Did you read post #7? Other answers failed to notice that what was printed is not what they intended. What you observe as wrong is, in fact, wrong!

 

[stilltryin]

Yes, I read that the book is in error. My question is regarding what topsquark provided as an answer. He wrote 4(t− t/t * s) and I do not see how he gets this from the original problem.

But then I can't see the original equation as being under distributive at all. I've only seen it where the term is already outside the brackets or it's apparent in ab + ac that ab and ac are now multiples of a.

 

[Dr.Peterson]

Yes, I read that the book is in error. My question is regarding what topsquark provided as an answer. He wrote 4(t− t/t * s) and I do not see how he gets this from the original problem.

But then I can't see the original equation as being under distributive at all. I've only seen it where the term is already outside the brackets or it's apparent in ab + ac that ab and ac are now multiples of a.

Surely you can see that topsquark, too, typed the LHS incorrectly! He meant to type this:

Distributive property: a(b + c) = ab + ac
[imath]4 \left ( t - \dfrac{{\color{red}5}}{4} s \right ) = 4t - 4 \cdot \dfrac{5}{4}s = 4t- 5s[/imath]

And that expression comes from the (mistyped) LHS in the provided solution (or perhaps from the attempted correction in post #2):

​

When you know there are errors in a question, you need to look very carefully to find what's correct! Perhaps this whole thread should have been deleted, since it is so misleading.

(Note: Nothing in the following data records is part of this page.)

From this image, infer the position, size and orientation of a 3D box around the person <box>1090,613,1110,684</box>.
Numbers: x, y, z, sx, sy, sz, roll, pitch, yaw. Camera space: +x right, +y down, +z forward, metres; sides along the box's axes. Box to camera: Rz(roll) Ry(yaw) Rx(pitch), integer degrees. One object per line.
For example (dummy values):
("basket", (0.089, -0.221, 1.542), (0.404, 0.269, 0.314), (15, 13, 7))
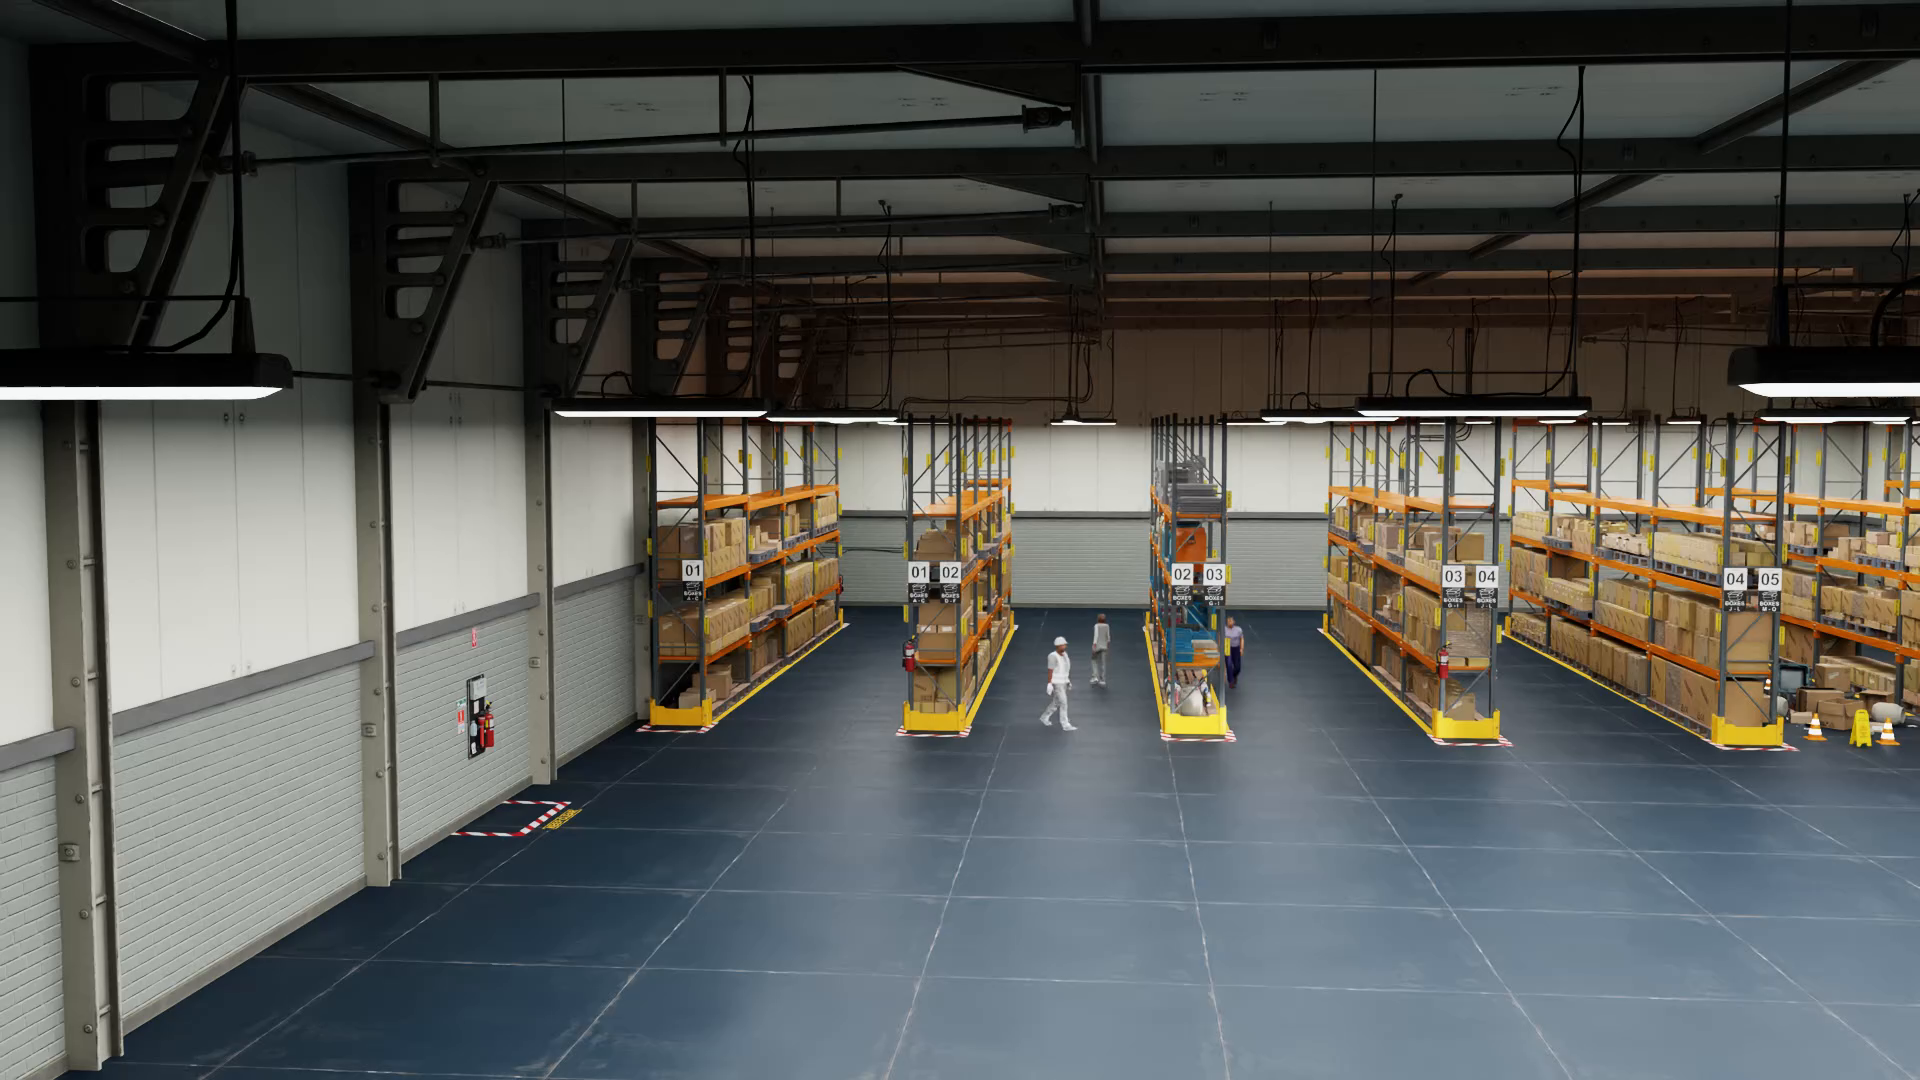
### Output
("person", (3.161, 2.431, 37.115), (0.418, 1.576, 0.563), (-1, 4, -10))

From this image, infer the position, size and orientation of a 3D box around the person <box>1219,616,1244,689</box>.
("person", (6.021, 2.462, 36.837), (0.526, 1.566, 0.825), (0, 4, 1))

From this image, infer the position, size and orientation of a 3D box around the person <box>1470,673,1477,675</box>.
("person", (11.812, 2.274, 38.773), (0.618, 1.668, 1.069), (0, 4, 4))

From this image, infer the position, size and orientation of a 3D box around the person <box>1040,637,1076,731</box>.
("person", (1.885, 2.720, 31.639), (0.914, 1.758, 0.611), (2, 5, 33))

Don't forget that the RHS in the solution agrees with the original problem, not the LHS of the solution.

 

[stilltryin]

So two errors, I understand this now.
It gets difficult when you're a learner and you know you have to trust an authority (book, instructor, whomever...), but you yourself can't identify the error because the subject is still above your head.

My main issue is still that, in the original problem --not the shown work-- how the distributive works for (4t - 5/4 s)

 

[BigBeachBanana]

So two errors, I understand this now.
It gets difficult when you're a learner and you know you have to trust an authority (book, instructor, whomever...), but you yourself can't identify the error because the subject is still above your head.

My main issue is still that, in the original problem --not the shown work-- how the distributive works for (4t - 5/4 s)

I like to think there's a 1 and -1 being multiplied by the parentheses.
\(\displaystyle 1\left(4t-\frac{5}{4}s\right)-1\left(\frac{2}{3}t+2s\right)\)

Distribute the +1 and -1:
\(\displaystyle 4t-\frac{5}{4}s-\frac{2}{3}t-2s=\frac{10}{3}t-\frac{13}{4}s\)

 

[Deleted member 4993]

So two errors, I understand this now.
It gets difficult when you're a learner and you know you have to trust an authority (book, instructor, whomever...), but you yourself can't identify the error because the subject is still above your head.

My main issue is still that, in the original problem --not the shown work-- how the distributive works for (4t - 5/4 s)

Are you talking about this step?

4 * [t - (5/4) * s] = 4 * t - 4*(5/4) * s = 4 * t - 5 * s

The 4 is getting distributed over multiplication.

 

[stilltryin]

What I understand from how I learned, is that inorder to break out the 4 from the brackets, you need both expressions to be multiples of 4.
4t is 4 *t that's okay. But 5/4s is not a multiple of 4.

I was taught BEDMAS is immutable and something cannot be taken out of brackets unless you can take it out of all every expression inside the brackets.

I mean, how can you take the 4 out of (4t - 5/4 * s) without needing to do anything to the -5/4*s?

 

[Dr.Peterson]

My main issue is still that, in the original problem --not the shown work-- how the distributive works for (4t - 5/4 s)

Here is what the work is supposed to look like:

​

There is no distribution needed for (4t - 5/4 s); there you just have to drop the parentheses, which do nothing. The distribution they refer to is presumably for -(2/3 t + 2s), where they distribute the negative (that is, multiplication by -1).

 

[stilltryin]

So simple.
Distributive only affected the RHS as -1.
My brain feels unfried.
Thank you.

 

[Steven G]

If you want to factor out a 4 from 5s/4, you can think of 5s/4 as 4*5s/(4*4) = 4(5s/16). Another words, you can factor out any quantity you want (other than 0)!